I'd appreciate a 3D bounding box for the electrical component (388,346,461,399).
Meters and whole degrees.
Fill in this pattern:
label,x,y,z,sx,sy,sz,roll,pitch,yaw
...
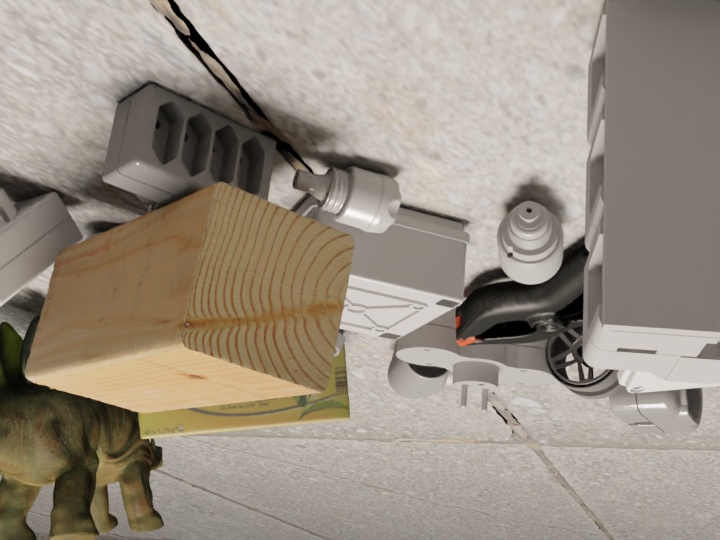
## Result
label,x,y,z,sx,sy,sz,roll,pitch,yaw
electrical component,0.070,0.085,0.935,0.079,0.044,0.077,8,160,-7

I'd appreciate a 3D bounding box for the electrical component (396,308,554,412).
label,x,y,z,sx,sy,sz,roll,pitch,yaw
electrical component,0.094,0.077,0.866,0.138,0.073,0.052,14,158,-20

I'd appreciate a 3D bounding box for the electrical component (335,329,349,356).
label,x,y,z,sx,sy,sz,roll,pitch,yaw
electrical component,-0.038,0.032,0.804,0.078,0.057,0.058,-7,156,30

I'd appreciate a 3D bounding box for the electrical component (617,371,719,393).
label,x,y,z,sx,sy,sz,roll,pitch,yaw
electrical component,0.223,0.028,0.680,0.109,0.056,0.108,-4,149,-4

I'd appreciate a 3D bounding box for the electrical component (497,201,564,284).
label,x,y,z,sx,sy,sz,roll,pitch,yaw
electrical component,0.103,-0.020,0.649,0.040,0.040,0.078,2,160,10

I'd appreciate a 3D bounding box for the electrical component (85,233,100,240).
label,x,y,z,sx,sy,sz,roll,pitch,yaw
electrical component,-0.173,0.011,0.781,0.054,0.059,0.095,7,160,-4

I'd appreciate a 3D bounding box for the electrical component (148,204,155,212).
label,x,y,z,sx,sy,sz,roll,pitch,yaw
electrical component,-0.091,-0.024,0.686,0.043,0.043,0.081,-12,153,39

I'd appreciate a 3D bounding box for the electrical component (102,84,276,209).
label,x,y,z,sx,sy,sz,roll,pitch,yaw
electrical component,-0.104,-0.056,0.600,0.083,0.047,0.076,22,155,-36

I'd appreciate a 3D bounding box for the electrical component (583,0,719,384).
label,x,y,z,sx,sy,sz,roll,pitch,yaw
electrical component,0.141,-0.034,0.442,0.089,0.150,0.061,4,158,5

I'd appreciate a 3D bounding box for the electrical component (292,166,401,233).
label,x,y,z,sx,sy,sz,roll,pitch,yaw
electrical component,-0.009,-0.044,0.624,0.061,0.035,0.035,16,158,-19

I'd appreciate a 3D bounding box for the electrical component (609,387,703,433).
label,x,y,z,sx,sy,sz,roll,pitch,yaw
electrical component,0.259,0.106,0.929,0.059,0.053,0.095,-7,156,31

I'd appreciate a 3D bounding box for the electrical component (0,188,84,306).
label,x,y,z,sx,sy,sz,roll,pitch,yaw
electrical component,-0.235,-0.027,0.688,0.047,0.083,0.075,-10,116,37

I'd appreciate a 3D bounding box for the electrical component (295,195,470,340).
label,x,y,z,sx,sy,sz,roll,pitch,yaw
electrical component,0.000,0.000,0.708,0.109,0.056,0.109,13,159,-19
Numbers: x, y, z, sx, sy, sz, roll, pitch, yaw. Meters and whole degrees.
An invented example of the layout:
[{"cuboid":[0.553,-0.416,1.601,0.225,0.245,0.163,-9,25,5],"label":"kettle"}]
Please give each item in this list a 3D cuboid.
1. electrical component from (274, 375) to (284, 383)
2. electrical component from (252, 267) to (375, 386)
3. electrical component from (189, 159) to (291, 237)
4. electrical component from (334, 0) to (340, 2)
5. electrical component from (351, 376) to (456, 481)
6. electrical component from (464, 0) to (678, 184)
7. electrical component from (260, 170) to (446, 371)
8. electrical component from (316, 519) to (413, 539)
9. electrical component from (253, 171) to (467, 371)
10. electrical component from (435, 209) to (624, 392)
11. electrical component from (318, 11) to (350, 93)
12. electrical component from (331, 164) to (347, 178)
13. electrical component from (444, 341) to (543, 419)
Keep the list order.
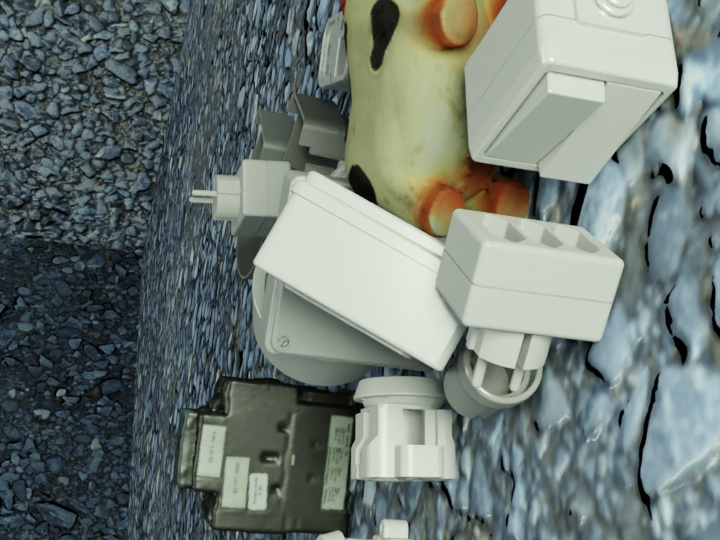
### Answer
[{"cuboid":[-0.061,0.134,0.907,0.042,0.064,0.081,-137,55,-70],"label":"electrical component"},{"cuboid":[-0.024,0.029,0.750,0.060,0.108,0.108,109,162,-57],"label":"electrical component"},{"cuboid":[-0.100,-0.058,0.879,0.066,0.077,0.047,139,131,-69],"label":"electrical component"},{"cuboid":[0.003,-0.234,0.848,0.042,0.064,0.081,157,119,-73],"label":"electrical component"},{"cuboid":[0.025,0.093,0.628,0.078,0.058,0.057,142,130,-69],"label":"electrical component"},{"cuboid":[0.091,-0.084,0.460,0.096,0.062,0.061,125,149,-60],"label":"electrical component"},{"cuboid":[0.000,0.000,0.664,0.056,0.109,0.108,-133,52,-74],"label":"electrical component"},{"cuboid":[0.000,0.189,0.674,0.048,0.055,0.066,150,126,-71],"label":"electrical component"},{"cuboid":[0.009,0.004,0.563,0.056,0.109,0.108,-60,-6,-2],"label":"electrical component"},{"cuboid":[0.070,0.019,0.480,0.047,0.066,0.076,-119,39,-66],"label":"electrical component"},{"cuboid":[0.010,-0.159,0.793,0.095,0.059,0.053,-162,79,-74],"label":"electrical component"},{"cuboid":[0.001,-0.054,0.790,0.047,0.055,0.055,-163,80,-79],"label":"electrical component"},{"cuboid":[0.064,0.053,0.537,0.046,0.040,0.040,120,153,-65],"label":"electrical component"}]

++++++

EXERCISE BRIEF =
Lines in the data above may contain the word "list"; count them and give only the number.

SOLUTION =
2